**What you should do**
What lines of the data below hold the string "taken"? Copy each one out.

══════════════════════════════

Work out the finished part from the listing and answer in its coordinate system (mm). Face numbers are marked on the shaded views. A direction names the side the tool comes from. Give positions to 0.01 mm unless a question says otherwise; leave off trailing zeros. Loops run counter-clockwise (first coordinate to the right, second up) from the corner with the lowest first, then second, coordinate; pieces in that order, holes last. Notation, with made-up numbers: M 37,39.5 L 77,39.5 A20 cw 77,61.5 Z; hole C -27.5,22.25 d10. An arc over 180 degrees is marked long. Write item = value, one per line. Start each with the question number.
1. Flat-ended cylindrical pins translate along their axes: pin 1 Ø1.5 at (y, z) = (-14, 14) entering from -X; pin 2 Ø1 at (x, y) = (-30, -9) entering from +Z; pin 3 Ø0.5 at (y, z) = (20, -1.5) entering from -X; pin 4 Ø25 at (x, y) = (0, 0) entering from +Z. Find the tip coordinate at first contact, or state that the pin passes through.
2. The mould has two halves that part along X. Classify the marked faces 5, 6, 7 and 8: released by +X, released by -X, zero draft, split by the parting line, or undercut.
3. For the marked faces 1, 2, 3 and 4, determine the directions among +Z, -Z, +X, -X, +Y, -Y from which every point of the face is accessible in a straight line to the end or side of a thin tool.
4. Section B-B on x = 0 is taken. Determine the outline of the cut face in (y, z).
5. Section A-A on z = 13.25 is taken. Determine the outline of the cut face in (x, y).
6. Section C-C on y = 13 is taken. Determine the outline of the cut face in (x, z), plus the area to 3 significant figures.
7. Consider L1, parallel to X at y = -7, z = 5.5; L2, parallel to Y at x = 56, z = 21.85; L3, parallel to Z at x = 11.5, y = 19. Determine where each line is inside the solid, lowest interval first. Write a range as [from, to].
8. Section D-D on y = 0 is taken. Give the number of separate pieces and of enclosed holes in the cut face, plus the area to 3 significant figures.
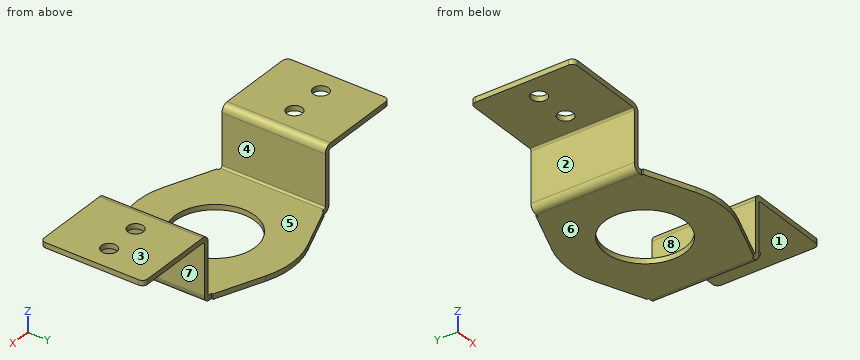
```python
from build123d import *

# Parameters (mm, degrees)
SKETCH1_R                       = 15.5
BASE_FLANGE1_DEPTH              = 2
EDGE_FLANGE1_STRIP_W            = 9.4732
EDGE_FLANGE1_STRIP_H            = 2
EDGE_FLANGE1_STRIP_CUT_DEPTH    = 40
EDGE_FLANGE1_RELIEF_W           = 10.4732
EDGE_FLANGE1_RELIEF_H           = 1
EDGE_FLANGE1_RELIEF_CUT_DEPTH   = 2
EDGE_FLANGE1_STRIP_2_W          = 9.4732
EDGE_FLANGE1_STRIP_2_H          = 2
EDGE_FLANGE1_STRIP_CUT_2_DEPTH  = 40
EDGE_FLANGE1_RELIEF_2_W         = 10.4732
EDGE_FLANGE1_RELIEF_2_H         = 1
EDGE_FLANGE1_RELIEF_CUT_2_DEPTH = 2
EDGE_FLANGE1_DEPTH              = 40
EDGE_FLANGE1_BEND_DEPTH         = 40
EDGE_FLANGE2_STRIP_W            = 9.4732
EDGE_FLANGE2_STRIP_H            = 2
EDGE_FLANGE2_STRIP_CUT_DEPTH    = 40
EDGE_FLANGE2_STRIP_2_W          = 9.4732
EDGE_FLANGE2_STRIP_2_H          = 2
EDGE_FLANGE2_STRIP_CUT_2_DEPTH  = 40
EDGE_FLANGE2_DEPTH              = 40
EDGE_FLANGE2_BEND_DEPTH         = 40
SKETCH17_R                      = 3
CUT_EXTRUDE1_DEPTH              = 10
FILLET1_R                       = 2


# Sheet-metal steps are written as plain solids
with BuildPart() as part:
    # Sketch1 → Base-Flange1 (new body)
    with BuildSketch(Plane.XY):
        with BuildLine():
            Line((-31, 20), (-11.034132012, 27.897095382))
            ThreePointArc((-11.034132012, 27.897095382), (0, 30), (11.034132012, 27.897095382))
            Line((11.034132012, 27.897095382), (31, 20))
            Line((31, 20), (31, -20))
            Line((31, -20), (11.034132012, -27.897095382))
            ThreePointArc((11.034132012, -27.897095382), (0, -30), (-11.034132012, -27.897095382))
            Line((-11.034132012, -27.897095382), (-31, -20))
            Line((-31, -20), (-31, 20))
        make_face()
        Circle(SKETCH1_R, mode=Mode.SUBTRACT)
    extrude(amount=-BASE_FLANGE1_DEPTH)

    # Edge-Flange1 strip (across the edge) → Edge-Flange1 strip cut (cut)
    with BuildSketch(Plane(origin=(-31, 20, 0), x_dir=(1, 0, 0), z_dir=(0, -1, 0))):
        with Locations((-4, -1)):
            Rectangle(EDGE_FLANGE1_STRIP_W, EDGE_FLANGE1_STRIP_H)
    extrude(amount=EDGE_FLANGE1_STRIP_CUT_DEPTH, mode=Mode.SUBTRACT)

    # Edge-Flange1 relief (on the sheet) → Edge-Flange1 relief cut (cut)
    with BuildSketch(Plane(origin=(-30.2634, 20, 0), x_dir=(1, 0, 0), z_dir=(0, 0, 1))):
        with Locations((-4.2366, 0.5)):
            Rectangle(EDGE_FLANGE1_RELIEF_W, EDGE_FLANGE1_RELIEF_H)
        with Locations((-4.2366, -40.5)):
            Rectangle(EDGE_FLANGE1_RELIEF_W, EDGE_FLANGE1_RELIEF_H)
    extrude(amount=-EDGE_FLANGE1_RELIEF_CUT_DEPTH, mode=Mode.SUBTRACT)

    # Edge-Flange1 strip 2 (across the edge) → Edge-Flange1 strip cut 2 (cut)
    with BuildSketch(Plane(origin=(31, -20, 0), x_dir=(-1, 0, 0), z_dir=(0, 1, 0))):
        with Locations((-4, -1)):
            Rectangle(EDGE_FLANGE1_STRIP_2_W, EDGE_FLANGE1_STRIP_2_H)
    extrude(amount=EDGE_FLANGE1_STRIP_CUT_2_DEPTH, mode=Mode.SUBTRACT)

    # Edge-Flange1 relief 2 (on the sheet) → Edge-Flange1 relief cut 2 (cut)
    with BuildSketch(Plane(origin=(30.2634, -20, 0), x_dir=(-1, 0, 0), z_dir=(0, 0, 1))):
        with Locations((-4.2366, 0.5)):
            Rectangle(EDGE_FLANGE1_RELIEF_2_W, EDGE_FLANGE1_RELIEF_2_H)
        with Locations((-4.2366, -40.5)):
            Rectangle(EDGE_FLANGE1_RELIEF_2_W, EDGE_FLANGE1_RELIEF_2_H)
    extrude(amount=-EDGE_FLANGE1_RELIEF_CUT_2_DEPTH, mode=Mode.SUBTRACT)

    # Edge-Flange1 section (across the edge) → Edge-Flange1 (add)
    with BuildSketch(Plane(origin=(-31, 20, 0), x_dir=(1, 0, 0), z_dir=(0, -1, 0))):
        with BuildLine():
            Line((-2, 0.7366), (-2, 21))
            Line((-2, 21), (0, 21))
            Line((0, 21), (0, 0.7366))
            ThreePointArc((0, 0.7366), (0.215745145, 0.215745145), (0.7366, 0))
            Line((0.7366, 0), (0.7366, -2))
            ThreePointArc((0.7366, -2), (-1.198468417, -1.198468417), (-2, 0.7366))
        make_face()
    extrude(amount=EDGE_FLANGE1_DEPTH)

    # Edge-Flange1 section 2 (across the edge) → Edge-Flange1 bend (add)
    with BuildSketch(Plane(origin=(31, -20, 0), x_dir=(-1, 0, 0), z_dir=(0, 1, 0))):
        with BuildLine():
            Line((-2, 0.7366), (-2, 21))
            Line((-2, 21), (0, 21))
            Line((0, 21), (0, 0.7366))
            ThreePointArc((0, 0.7366), (0.215745145, 0.215745145), (0.7366, 0))
            Line((0.7366, 0), (0.7366, -2))
            ThreePointArc((0.7366, -2), (-1.198468417, -1.198468417), (-2, 0.7366))
        make_face()
    extrude(amount=EDGE_FLANGE1_BEND_DEPTH)

    # Edge-Flange2 strip (across the edge) → Edge-Flange2 strip cut (cut)
    with BuildSketch(Plane(origin=(-33, -20, 21), x_dir=(0, 0, -1), z_dir=(0, 1, 0))):
        with Locations((-4, -1)):
            Rectangle(EDGE_FLANGE2_STRIP_W, EDGE_FLANGE2_STRIP_H)
    extrude(amount=EDGE_FLANGE2_STRIP_CUT_DEPTH, mode=Mode.SUBTRACT)

    # Edge-Flange2 strip 2 (across the edge) → Edge-Flange2 strip cut 2 (cut)
    with BuildSketch(Plane(origin=(33, 20, 21), x_dir=(0, 0, -1), z_dir=(0, -1, 0))):
        with Locations((-4, -1)):
            Rectangle(EDGE_FLANGE2_STRIP_2_W, EDGE_FLANGE2_STRIP_2_H)
    extrude(amount=EDGE_FLANGE2_STRIP_CUT_2_DEPTH, mode=Mode.SUBTRACT)

    # Edge-Flange2 section (across the edge) → Edge-Flange2 (add)
    with BuildSketch(Plane(origin=(-33, -20, 21), x_dir=(0, 0, -1), z_dir=(0, 1, 0))):
        with BuildLine():
            Line((-2, 0.7366), (-2, 32))
            Line((-2, 32), (0, 32))
            Line((0, 32), (0, 0.7366))
            ThreePointArc((0, 0.7366), (0.215745145, 0.215745145), (0.7366, 0))
            Line((0.7366, 0), (0.7366, -2))
            ThreePointArc((0.7366, -2), (-1.198468417, -1.198468417), (-2, 0.7366))
        make_face()
    extrude(amount=EDGE_FLANGE2_DEPTH)

    # Edge-Flange2 section 2 (across the edge) → Edge-Flange2 bend (add)
    with BuildSketch(Plane(origin=(33, 20, 21), x_dir=(0, 0, -1), z_dir=(0, -1, 0))):
        with BuildLine():
            Line((-2, 0.7366), (-2, 32))
            Line((-2, 32), (0, 32))
            Line((0, 32), (0, 0.7366))
            ThreePointArc((0, 0.7366), (0.215745145, 0.215745145), (0.7366, 0))
            Line((0.7366, 0), (0.7366, -2))
            ThreePointArc((0.7366, -2), (-1.198468417, -1.198468417), (-2, 0.7366))
        make_face()
    extrude(amount=EDGE_FLANGE2_BEND_DEPTH)

    # Sketch17 → Cut-Extrude1 (cut)
    with BuildSketch(Plane(origin=(0, 0, 21), x_dir=(-1, 0, 0), z_dir=(0, 0, -1))):
        with Locations((56, 0)):
            Circle(SKETCH17_R)
        with Locations((42, 0)):
            Circle(SKETCH17_R)
        with Locations((-56, 0)):
            Circle(SKETCH17_R)
        with Locations((-42, 0)):
            Circle(SKETCH17_R)
    extrude(amount=-CUT_EXTRUDE1_DEPTH, mode=Mode.SUBTRACT)

    # Fillet1
    fillet1_edges = [part.edges().sort_by_distance(p)[0] for p in [
        (-65, -20, 22),
        (-65, 20, 22),
        (65, 20, 22),
        (65, -20, 22),
    ]]
    fillet(fillet1_edges, radius=FILLET1_R)


solid = part.part
```
Verdict:
q1.pin_1 = -33
q1.pin_2 = 0.04
q1.pin_3 = -32.15
q1.pin_4 = through
q2.face_5 = undercut
q2.face_6 = zero draft
q2.face_7 = released by +X
q2.face_8 = undercut
q3.face_1 = -Z, +X, +Y, -Y
q3.face_2 = -Z, -X, +Y, -Y
q3.face_3 = +Z, +X, -X, +Y, -Y
q3.face_4 = +Z, +Y, -Y
q4.outline = M -30,-2 L -15.5,-2 L -15.5,0 L -30,0 Z; M 15.5,-2 L 30,-2 L 30,0 L 15.5,0 Z
q5.outline = M -33,-20 L -31,-20 L -31,20 L -33,20 Z; M 31,-20 L 33,-20 L 33,20 L 31,20 Z
q6.outline = M -65,21 L -33.74,21 A0.74 cw -33,20.26 L -33,0.74 A2.74 ccw -30.26,-2 L -8.44,-2 L -8.44,0 L -30.26,0 A0.74 cw -31,0.74 L -31,20.26 A2.74 ccw -33.74,23 L -65,23 Z; M 8.44,-2 L 30.26,-2 A2.74 ccw 33,0.74 L 33,20.26 A0.74 cw 33.74,21 L 65,21 L 65,23 L 33.74,23 A2.74 ccw 31,20.26 L 31,0.74 A0.74 cw 30.26,0 L 8.44,0 Z
q6.area = 312 mm2
q7.L1 = [-33, -31], [31, 33]
q7.L2 = [-20, -3], [3, 20]
q7.L3 = [-2, 0]
q8.separate_pieces = 6
q8.enclosed_holes = 0
q8.area = 236 mm2

══════════════════════════════

**Answer space**
4. Section B-B on x = 0 is taken. Determine the outline of the cut face in (y, z).
5. Section A-A on z = 13.25 is taken. Determine the outline of the cut face in (x, y).
6. Section C-C on y = 13 is taken. Determine the outline of the cut face in (x, z), plus the area to 3 significant figures.
8. Section D-D on y = 0 is taken. Give the number of separate pieces and of enclosed holes in the cut face, plus the area to 3 significant figures.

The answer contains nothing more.